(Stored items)
★ ★ ★ ★ ★ ★ ★

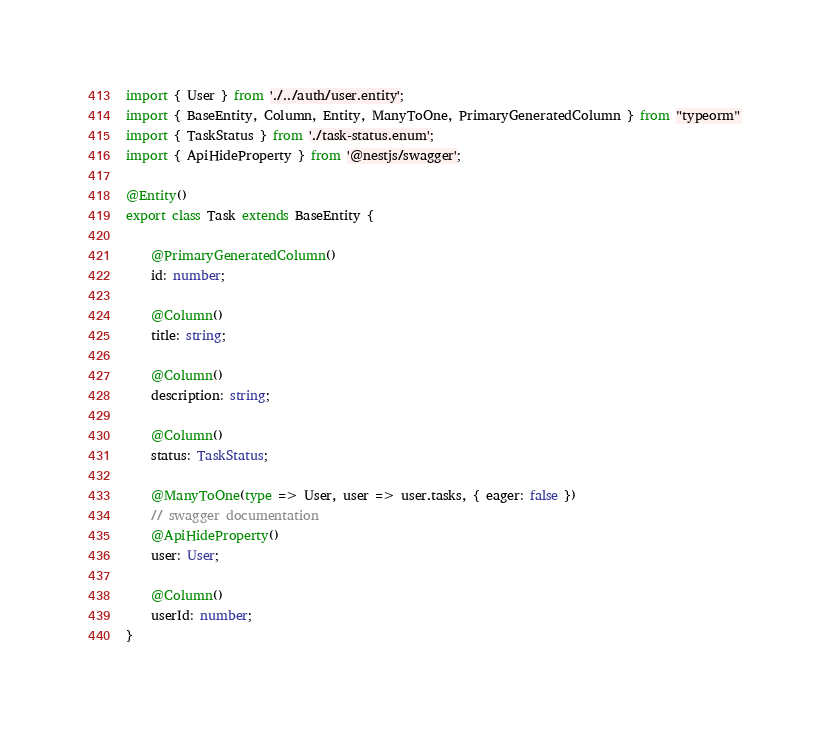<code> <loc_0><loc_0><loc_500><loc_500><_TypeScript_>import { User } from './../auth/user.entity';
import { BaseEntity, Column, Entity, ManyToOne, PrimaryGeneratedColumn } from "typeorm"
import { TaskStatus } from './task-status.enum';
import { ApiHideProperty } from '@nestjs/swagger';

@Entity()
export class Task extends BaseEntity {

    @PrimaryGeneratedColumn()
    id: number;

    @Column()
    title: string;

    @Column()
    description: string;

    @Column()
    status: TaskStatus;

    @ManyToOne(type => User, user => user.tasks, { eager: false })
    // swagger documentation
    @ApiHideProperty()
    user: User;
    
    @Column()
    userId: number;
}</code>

★ ★ ★ ★ ★ ★ ★

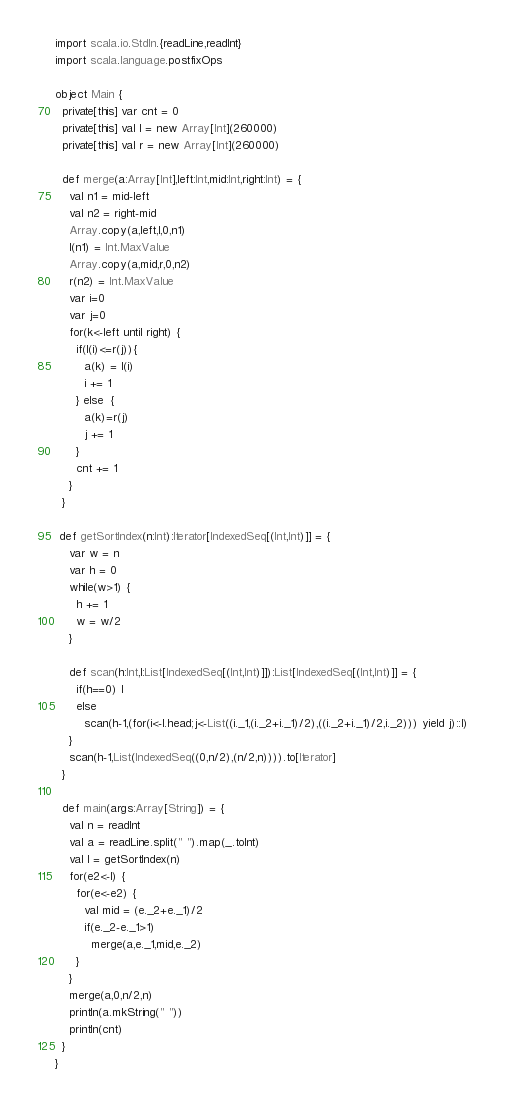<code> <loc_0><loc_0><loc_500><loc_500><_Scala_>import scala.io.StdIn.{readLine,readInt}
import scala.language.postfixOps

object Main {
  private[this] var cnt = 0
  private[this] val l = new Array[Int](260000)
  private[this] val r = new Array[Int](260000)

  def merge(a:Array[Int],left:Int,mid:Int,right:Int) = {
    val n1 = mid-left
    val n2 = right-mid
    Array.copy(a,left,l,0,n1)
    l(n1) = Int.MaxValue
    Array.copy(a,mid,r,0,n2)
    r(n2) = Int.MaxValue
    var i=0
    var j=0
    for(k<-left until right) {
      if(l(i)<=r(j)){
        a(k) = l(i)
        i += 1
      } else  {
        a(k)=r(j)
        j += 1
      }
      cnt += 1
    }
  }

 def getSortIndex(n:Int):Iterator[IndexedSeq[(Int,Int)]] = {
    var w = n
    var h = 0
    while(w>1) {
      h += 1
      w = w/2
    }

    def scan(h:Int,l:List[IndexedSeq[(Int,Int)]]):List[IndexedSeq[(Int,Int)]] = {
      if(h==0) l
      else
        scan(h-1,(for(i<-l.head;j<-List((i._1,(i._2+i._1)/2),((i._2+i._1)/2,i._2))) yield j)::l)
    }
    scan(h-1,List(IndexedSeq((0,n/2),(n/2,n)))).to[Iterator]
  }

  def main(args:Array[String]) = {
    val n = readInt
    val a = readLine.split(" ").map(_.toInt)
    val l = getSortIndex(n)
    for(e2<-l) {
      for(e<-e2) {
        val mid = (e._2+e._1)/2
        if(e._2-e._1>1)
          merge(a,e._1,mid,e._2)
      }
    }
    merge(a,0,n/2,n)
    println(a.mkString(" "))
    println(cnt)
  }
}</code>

★ ★ ★ ★ ★ ★ ★

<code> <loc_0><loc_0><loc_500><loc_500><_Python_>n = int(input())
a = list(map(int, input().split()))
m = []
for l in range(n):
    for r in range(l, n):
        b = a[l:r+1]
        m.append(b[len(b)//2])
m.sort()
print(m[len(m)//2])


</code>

★ ★ ★ ★ ★ ★ ★

▸ EXERCISE DIRECTIONS
Work through the records above. Copy every line with the string "merge".

▸ FINAL ANSWER
  def merge(a:Array[Int],left:Int,mid:Int,right:Int) = {
          merge(a,e._1,mid,e._2)
    merge(a,0,n/2,n)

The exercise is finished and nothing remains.